Majelis Hakim Pengadilan Negeri Jakarta Pusat yang diketuai T Oyong pada Kamis, 2 Maret 2023 mengabulkan gugatan itu. PN Jakarta Pusat menghukum KPU untuk menghentikan tahapan Pemilu 2024 yang telah berjalan dan memulainya dari awal.
Majelis Hakim menyatakan KPU telah melakukan perbuatan melawan hukum atau PMH ketika menyatakan Partai Prima tidak memenuhi syarat dalam tahapan verifikasi administrasi. Selain itu, hakim juga menghukum KPU membayar ganti rugi materiil sebesar Rp 500 juta kepada Partai Prima.
Langgar hak untuk mendapatkan pemimpin hingga sebabkan ketidakstabilan politik
Pramono menilai putusan itu tidak hanya melanggar hak konstitusi masyarakat untuk melakukan pemilihan umum. Dia mengatakan hak warga untuk mendapatkan pemimpin yang dipilih melalui proses demokratis juga akan terhalang.
“Padahal hak rakyat adalah mendapatkan pemimpin yang dipilih melalui proses yang demokratis, karena ada penundaan itu maka berpotensi hak rakyat untuk mendapatkan pemimpin yang dipilih oleh pemilihan demokratis itu dilanggar,” kata dia.

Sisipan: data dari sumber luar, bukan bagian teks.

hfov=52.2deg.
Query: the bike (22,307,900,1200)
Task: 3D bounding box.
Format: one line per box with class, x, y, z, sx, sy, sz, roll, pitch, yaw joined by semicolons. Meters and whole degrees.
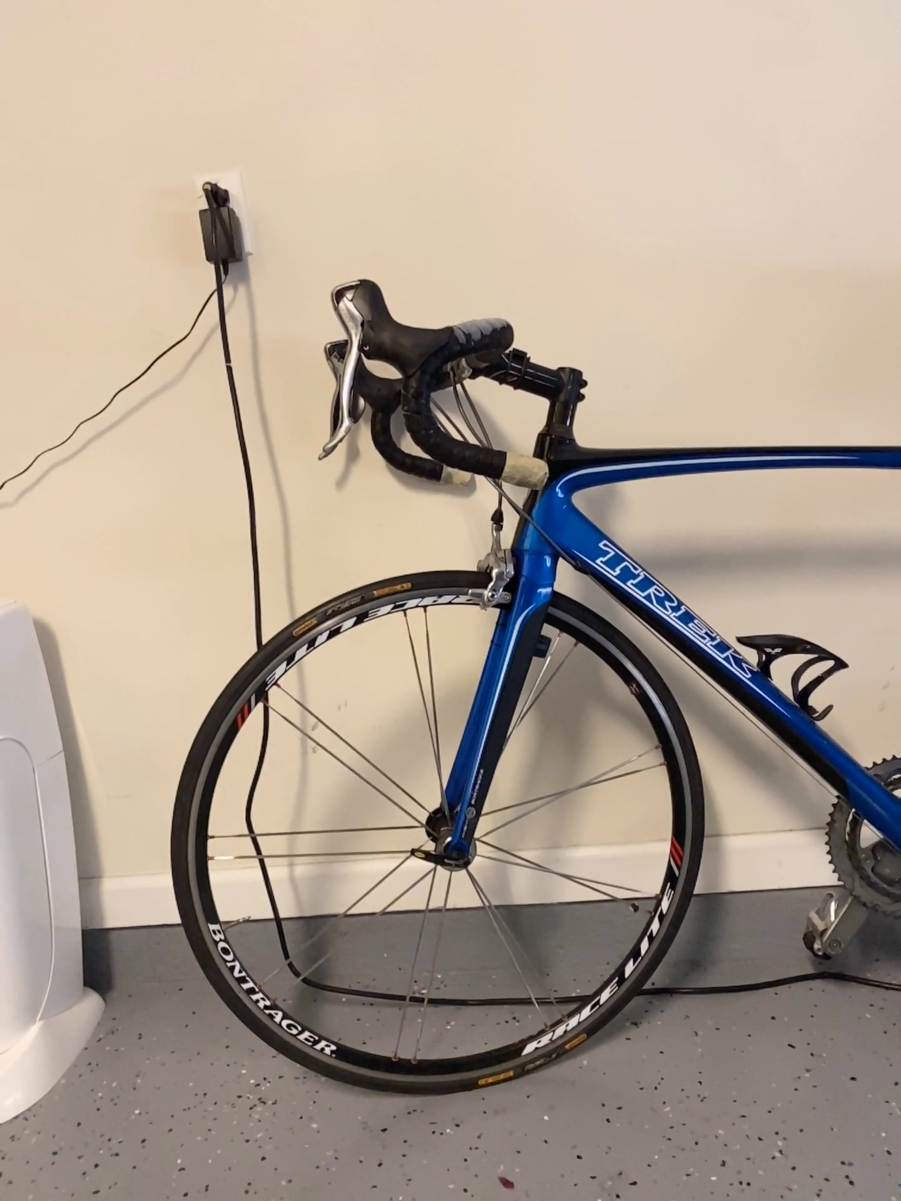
bike;0.543;0.168;1.013;1.638;0.883;0.401;-3;8;-6

Pramono berkata penundaan pemilu juga memunculkan potensi ketidakstabilan politik. Dia berkata situasi itu bakal menyebabkan situasi politik dan keamanan yang penuh ketidakpastian. Menurut dia, dengan demikian hak masyarakat untuk hidup tenang juga menjadi terancam.
“Semua akan terganggu dengan situasi ini,” ujar dia.
Akibat putusan itu, Koalisi Masyarakat Sipil untuk Pemilu Bersih melaporkan tiga hakim PN Jakarta Pusat ke Komisi Yudisial. Ketiga hakim itu dinilai telah melakukan pelanggaran kode etik. KPU pun menyatakan akan mengajukan banding atas putusan tersebut.